In order to confirm whether CISD2 silencing-induced glioma cell death was dependent on autophagy, the specific autophagy inhibitor, 3-MA, was used. Compared with the control group, si-CISD2 led to significant increases in cell apoptosis (Fig. 5A) and necrosis (Fig. 5B), however, these effects were eliminated by 3-MA. Consistently, the colony formation assay showed that si-CISD2 markedly reduced the mean number of colonies, compared with that in the control group, which was reversed by 3-MA (Fig. 5C). Finally, the wound-healing assay revealed that si-CISD significantly attenuated the invasive ability of U87 cells, which was also abrogated by 3-MA (Fig. 5D). Taken together, these data suggested that inhibiting autophagy significantly alleviated the CISD2 silencing-induced suppression of glioma cell proliferation and survival.
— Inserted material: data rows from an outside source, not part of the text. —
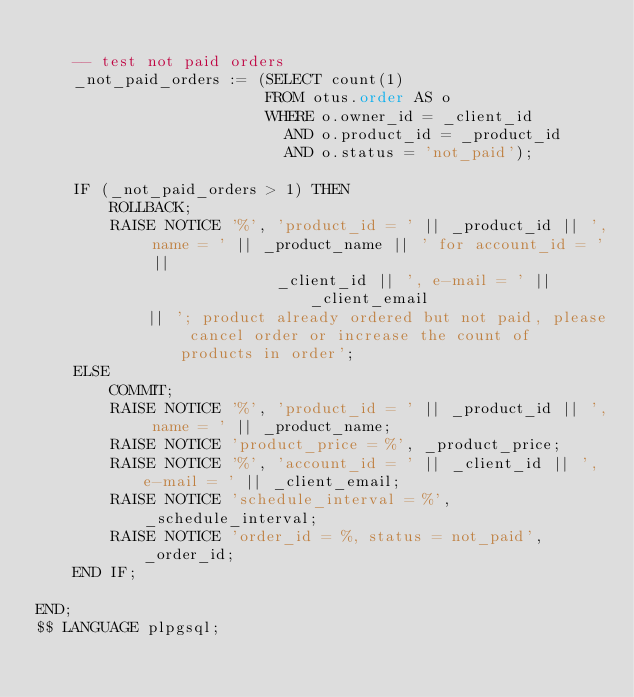<code> <loc_0><loc_0><loc_500><loc_500><_SQL_>
    -- test not paid orders
    _not_paid_orders := (SELECT count(1)
                         FROM otus.order AS o
                         WHERE o.owner_id = _client_id
                           AND o.product_id = _product_id
                           AND o.status = 'not_paid');

    IF (_not_paid_orders > 1) THEN
        ROLLBACK;
        RAISE NOTICE '%', 'product_id = ' || _product_id || ', name = ' || _product_name || ' for account_id = ' ||
                          _client_id || ', e-mail = ' || _client_email
            || '; product already ordered but not paid, please cancel order or increase the count of products in order';
    ELSE
        COMMIT;
        RAISE NOTICE '%', 'product_id = ' || _product_id || ', name = ' || _product_name;
        RAISE NOTICE 'product_price = %', _product_price;
        RAISE NOTICE '%', 'account_id = ' || _client_id || ', e-mail = ' || _client_email;
        RAISE NOTICE 'schedule_interval = %', _schedule_interval;
        RAISE NOTICE 'order_id = %, status = not_paid', _order_id;
    END IF;

END;
$$ LANGUAGE plpgsql;
</code> 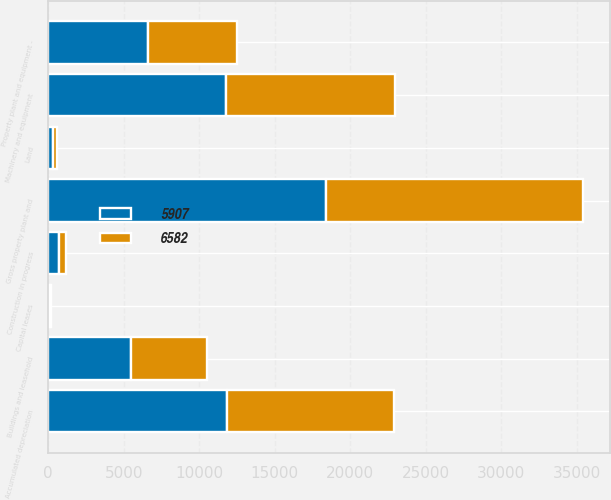Convert chart. <chart><loc_0><loc_0><loc_500><loc_500><stacked_bar_chart><ecel><fcel>Land<fcel>Buildings and leasehold<fcel>Machinery and equipment<fcel>Construction in progress<fcel>Capital leases<fcel>Gross property plant and<fcel>Accumulated depreciation<fcel>Property plant and equipment -<nl><fcel>5907<fcel>303<fcel>5496<fcel>11801<fcel>684<fcel>106<fcel>18390<fcel>11808<fcel>6582<nl><fcel>6582<fcel>281<fcel>5002<fcel>11130<fcel>505<fcel>99<fcel>17017<fcel>11110<fcel>5907<nl></chart> 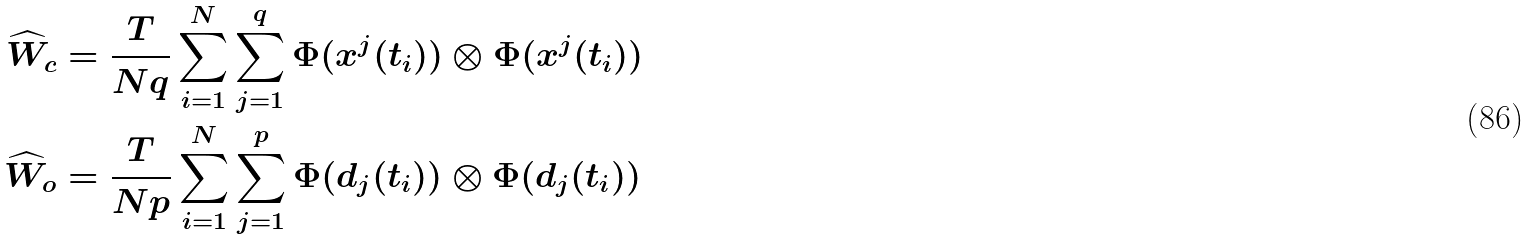<formula> <loc_0><loc_0><loc_500><loc_500>\widehat { W } _ { c } & = \frac { T } { N q } \sum _ { i = 1 } ^ { N } \sum _ { j = 1 } ^ { q } \Phi ( x ^ { j } ( t _ { i } ) ) \otimes \Phi ( x ^ { j } ( t _ { i } ) ) \\ \widehat { W } _ { o } & = \frac { T } { N p } \sum _ { i = 1 } ^ { N } \sum _ { j = 1 } ^ { p } \Phi ( d _ { j } ( t _ { i } ) ) \otimes \Phi ( d _ { j } ( t _ { i } ) )</formula> 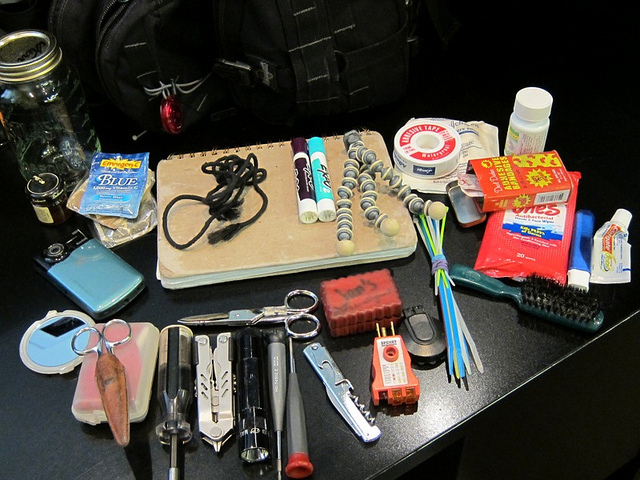Please transcribe the text in this image. BLUE ches 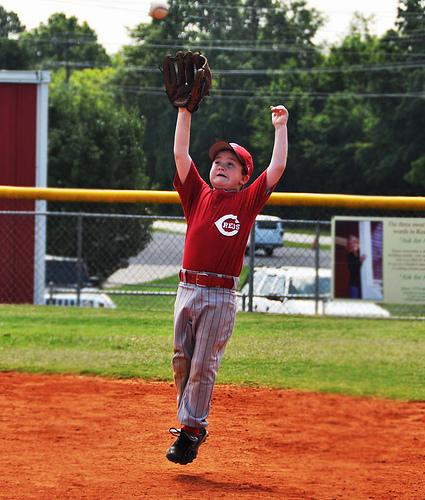What is the outcome if the ball went over the fence? homerun 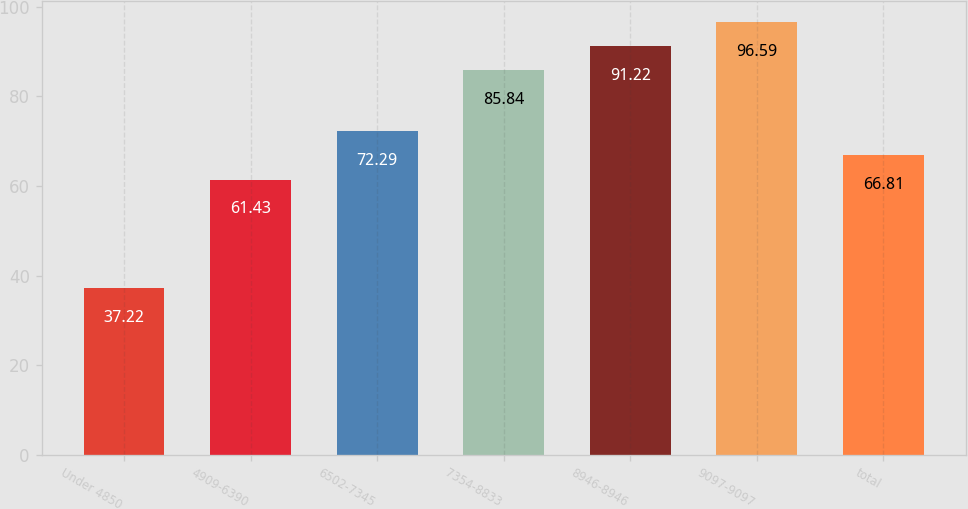Convert chart. <chart><loc_0><loc_0><loc_500><loc_500><bar_chart><fcel>Under 4850<fcel>4909-6390<fcel>6502-7345<fcel>7354-8833<fcel>8946-8946<fcel>9097-9097<fcel>total<nl><fcel>37.22<fcel>61.43<fcel>72.29<fcel>85.84<fcel>91.22<fcel>96.59<fcel>66.81<nl></chart> 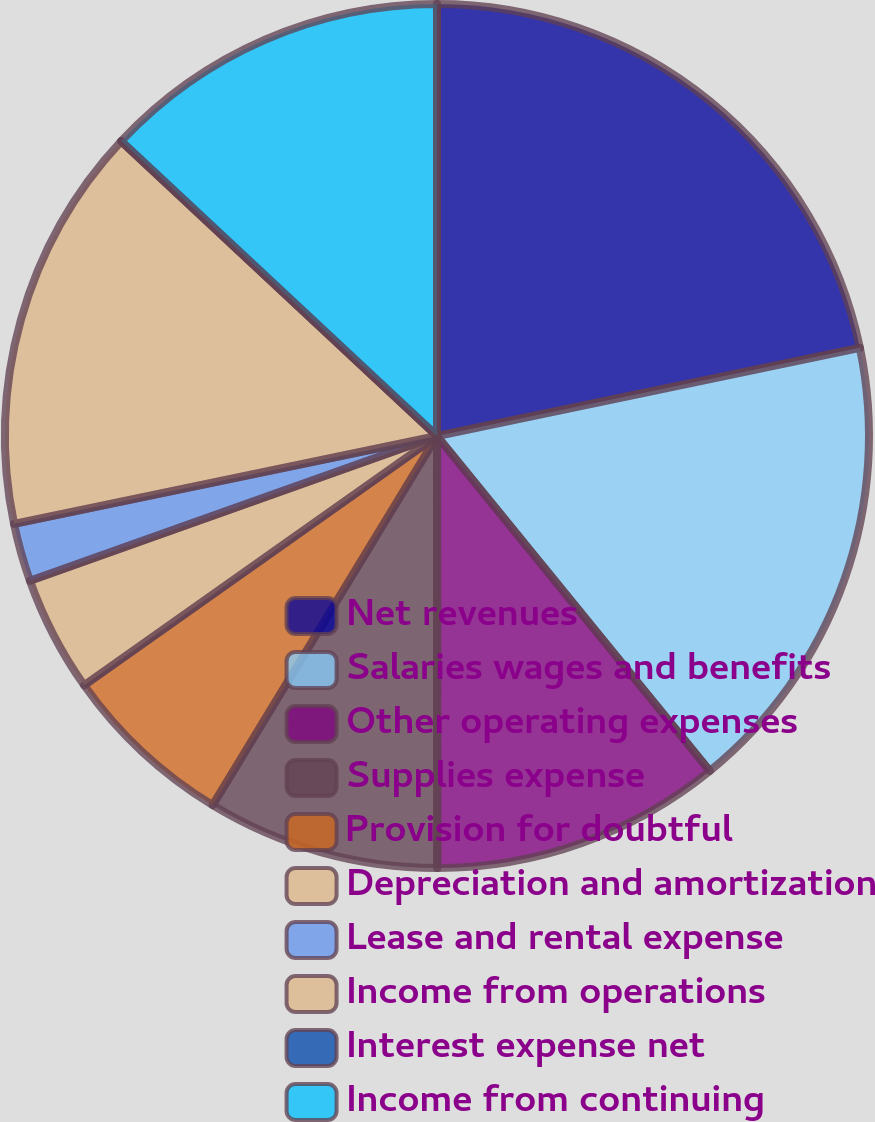Convert chart to OTSL. <chart><loc_0><loc_0><loc_500><loc_500><pie_chart><fcel>Net revenues<fcel>Salaries wages and benefits<fcel>Other operating expenses<fcel>Supplies expense<fcel>Provision for doubtful<fcel>Depreciation and amortization<fcel>Lease and rental expense<fcel>Income from operations<fcel>Interest expense net<fcel>Income from continuing<nl><fcel>21.73%<fcel>17.39%<fcel>10.87%<fcel>8.7%<fcel>6.52%<fcel>4.35%<fcel>2.18%<fcel>15.21%<fcel>0.01%<fcel>13.04%<nl></chart>

Previous studies have shown that beclin-1 is vital in the activation of autophagy (26). Therefore, the present study hypothesized that the enhanced autophagy by CISD2 silencing is dependent on beclin-1. The Co-IP assay showed that endogenous CISD2 was able to bind with beclin-1 (Fig. 6A). In addition, U87 cells with si-CISD2 and si-beclin-1 vectors were co-transfected, and the activity of autophagy activity was evaluated using western blot analysis. The results of the western blot analysis confirmed that CISD2 and beclin-1 were effectively knocked down (Fig. 6B-D). The data revealed that the downregulation of beclin-1 significantly eliminated the si-CISD2-induced increase in LC3-II and Atg7, and decrease in p62 in the U87 cells (Fig. 6E-G). Taken together, these data demonstrated that the CISD2 silencing-induced activation of autophagy was mediated by beclin-1.

Using TargetScan, the present study found that CISD2 was one of the potential targets of miR-449a. The predicted binding site of miR-449a with the CISD2 3′-UTR is shown in Fig. 7A. To confirm the interaction between miR-449a and CISD2, the CISD2 complementary sites, with or without mutations, were cloned into the 3′-UTR of the firefly luciferase gene and co-transfected with miR-449a mimics into U87 cells. The results revealed that the presence of miR-449a led to a significant reduction in the relative luciferase activity of the wild-type construct of the CISD2 3′-UTR in U87 cells. However, the mutant construct of the CISD2 3′-UTR eliminated the suppressive effect of miR-449a in the U87 cells (Fig. 7B). The above results demonstrated that CISD2 is a direct target of miR-449a.